Yuan et. al.
The QAit (Question Answering with interactive text) task proposes a novel text-based question answering problem whereby an agent must interact with a partially observable text-based environment to gather the declarative knowledge required to answer questions. QAit poses said questions about the location, existence and attributes of objects distributed throughout the environment. QAit produced and evaluated a set of baseline models on a created test-set of unseen environments and questions. This test-set is intended to be used as a benchmark for future research to evaluate an agents ability to comprehend language and generalise its action policy.
QAit aims to test an agent's language comprehension abilities using tasks that require an understanding of locality, existence, and attributes. All environments are generated, using Textworld, by sampling from the world setting distribution (tabulated below), where environment configurations are distinguished into fixed map and random map categories. The fixed map category sees to the creation of environments consistently containing 6 unique rooms. In contrast, random map games draw from a uniform distribution to decide on the number of rooms to create.
Fixed Map | Random Map | |
# Locations, Nr | 6 | Uniform(2,12) |
# Entites, Ne | Uniform(3*Nr, 6*Nr) |
Questions based on each environment are created on the fly as an agent plays a game, but the number of different games an agent trains on is set as an experimental parameter. All agents are trained on datasets consisting of 1, 2, 10, 100, 500 created environments as well as an unlimited setting where different environments are created for each question, thereby theoretically not allowing an agent to see the same environment question pair twice.

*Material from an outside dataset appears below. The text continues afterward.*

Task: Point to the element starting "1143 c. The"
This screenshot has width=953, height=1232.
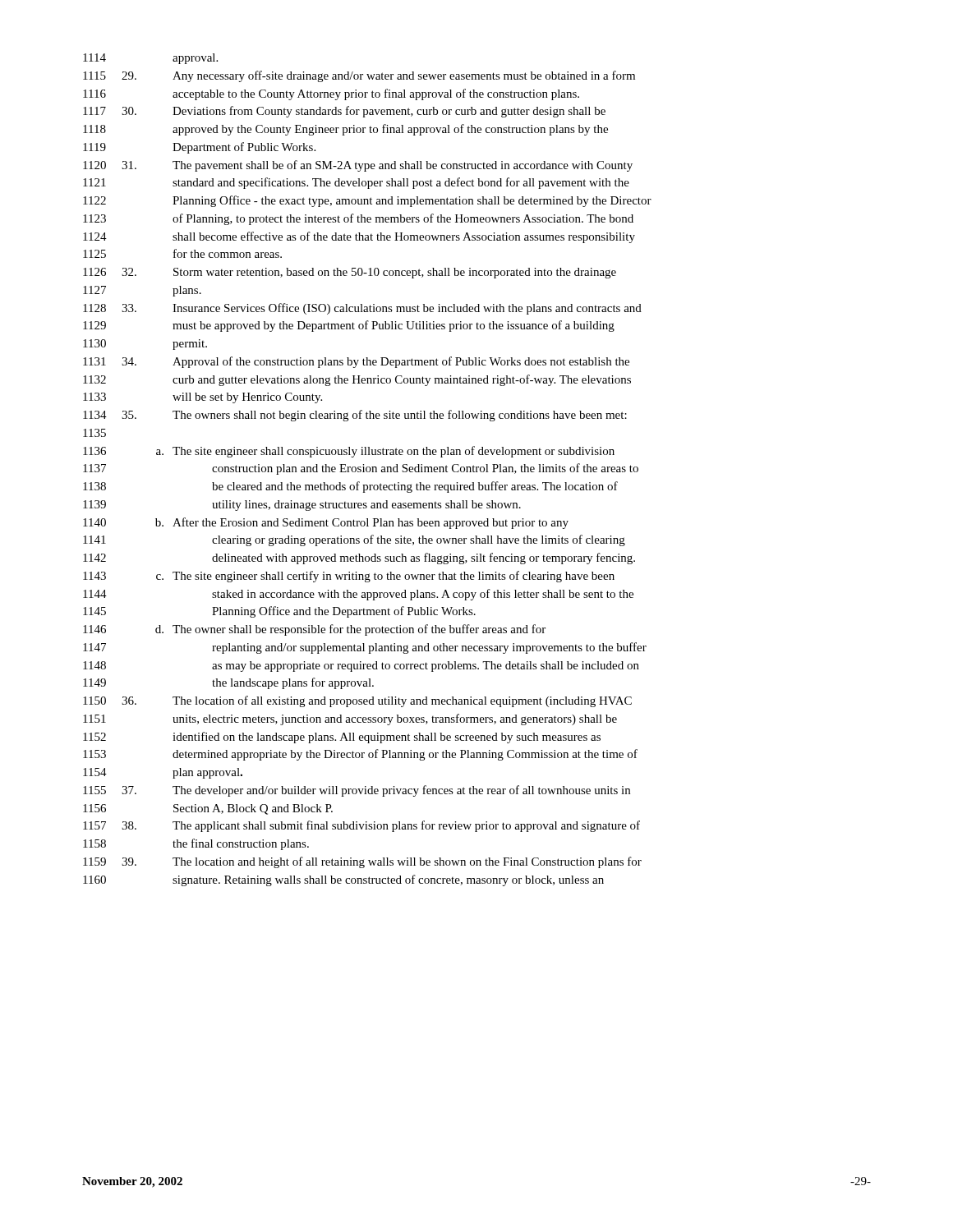Action: (x=476, y=576)
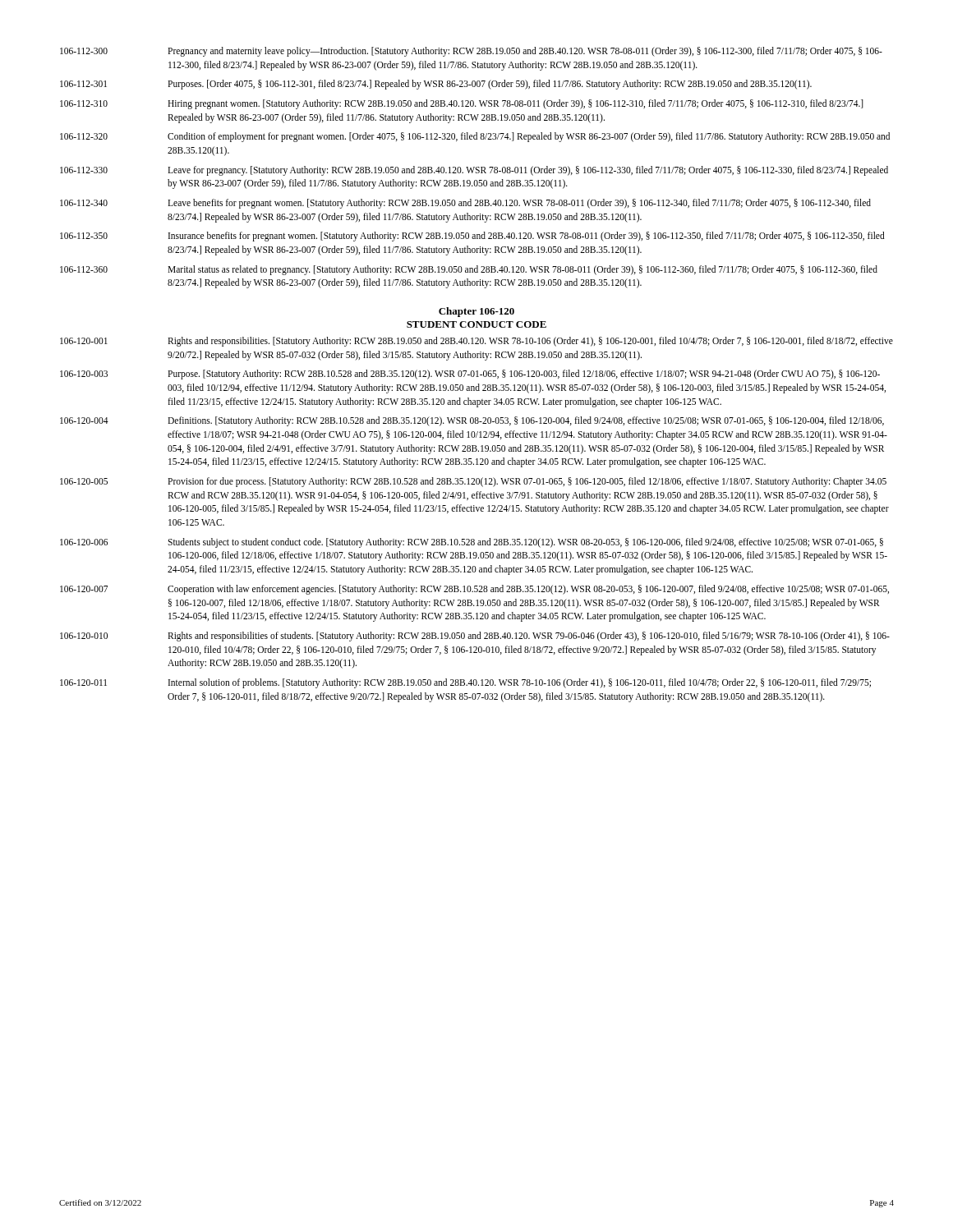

In this setting, more than 1040 different games can be created, indicating that an agent is unlikely to see the same environment again.
Since language generation can become intractable within a reinforcement learning setting, all text commands are triplets of the form {action, modifier, object} (e.g., open metallic gate). When there is no ambiguity present such as two different keys in a room, the environment understands commands without modifiers, e.g. pick key will result in picking up the "copper key" provided it is the only key in the room. At each game step, there are three lexicons that divide the vocabulary into actions, modifiers and objects. This reduces the size of the action space for each word in the command triplet compared to a sequential, freeform setting. The wait command indicates the agent wants to stop interaction and answer the question.
The QAit test set provides 500 held out games for both map types and all three question types. This testing set is used to benchmark the generalisation abilities of agents on all experiment configurations. This allows for models to be assessed in a reproducible manner and is analogous to supervised learning test sets.
Accuracy refers to the proportion of correctly answered questions and is deemed the most important metric since, ultimately, the goal of IQA is to answer a question.
Sufficient information is a metric used to evaluate the amount of information gathered by the agent and whether or not the information was sufficient to answer the question. It is also used as part of the reward function. This is a metric to evaluate the performance of the navigation and interaction required to answer a given question.
QAit provides five baselines - these are human, random, and three popular value-based reinforcement learning methods. The human baseline consists of results achieved by 21 human participants. The random baseline performs no interaction with the environment and simply samples answers from the potential answer pool. This is yes or no for existence type questions and all possible object names for location type questions. The reinforcement learning baselines are DQN, DDQN and Rainbow.